TASK DETAILS - Look through the data for the string "boxes". Copy every line where it is found.

● ● ● ●

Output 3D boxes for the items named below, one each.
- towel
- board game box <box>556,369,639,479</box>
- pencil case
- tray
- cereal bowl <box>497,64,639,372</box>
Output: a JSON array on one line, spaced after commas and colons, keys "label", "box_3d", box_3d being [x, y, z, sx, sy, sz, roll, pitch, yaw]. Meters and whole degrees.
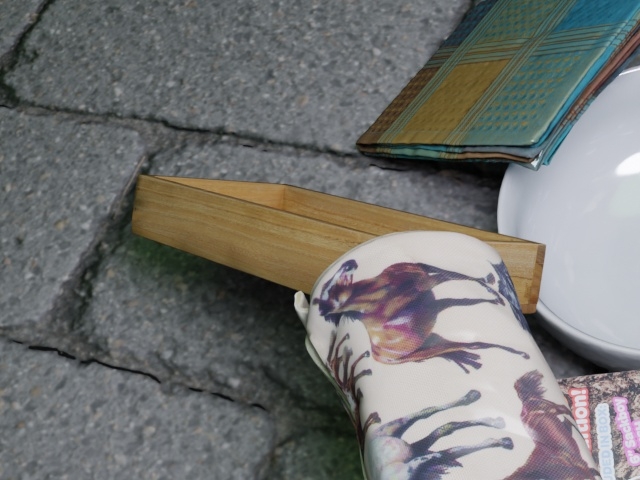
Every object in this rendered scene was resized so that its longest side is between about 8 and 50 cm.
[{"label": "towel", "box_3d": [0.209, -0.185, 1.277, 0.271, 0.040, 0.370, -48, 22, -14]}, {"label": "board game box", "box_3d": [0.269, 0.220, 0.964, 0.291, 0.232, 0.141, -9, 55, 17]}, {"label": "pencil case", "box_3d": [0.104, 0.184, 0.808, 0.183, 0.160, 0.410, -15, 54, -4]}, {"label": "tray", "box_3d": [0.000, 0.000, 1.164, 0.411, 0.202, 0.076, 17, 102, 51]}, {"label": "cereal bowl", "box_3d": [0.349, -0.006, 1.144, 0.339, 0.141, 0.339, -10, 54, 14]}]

● ● ● ●

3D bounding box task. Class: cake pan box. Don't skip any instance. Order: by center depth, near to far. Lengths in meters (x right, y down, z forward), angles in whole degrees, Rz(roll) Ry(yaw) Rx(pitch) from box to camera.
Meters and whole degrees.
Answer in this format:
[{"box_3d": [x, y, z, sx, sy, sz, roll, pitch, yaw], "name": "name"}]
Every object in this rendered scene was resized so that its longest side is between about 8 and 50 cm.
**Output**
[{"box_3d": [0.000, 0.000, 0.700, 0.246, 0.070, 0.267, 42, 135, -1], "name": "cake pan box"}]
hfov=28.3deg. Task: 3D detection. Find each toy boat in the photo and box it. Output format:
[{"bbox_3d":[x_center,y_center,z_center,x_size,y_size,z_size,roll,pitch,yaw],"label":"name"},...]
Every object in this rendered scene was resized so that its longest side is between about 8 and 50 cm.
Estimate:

● ● ● ●

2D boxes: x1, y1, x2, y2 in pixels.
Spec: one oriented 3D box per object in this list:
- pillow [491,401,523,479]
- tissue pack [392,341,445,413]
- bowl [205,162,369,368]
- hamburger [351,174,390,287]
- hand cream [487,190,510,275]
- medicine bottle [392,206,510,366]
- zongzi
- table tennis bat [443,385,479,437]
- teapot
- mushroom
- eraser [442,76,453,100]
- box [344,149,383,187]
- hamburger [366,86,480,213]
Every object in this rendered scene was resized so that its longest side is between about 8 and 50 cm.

● ● ● ●

FINISHED TASK -
Output 3D boxes for the items named below, one each.
2D boxes: x1, y1, x2, y2 in pixels.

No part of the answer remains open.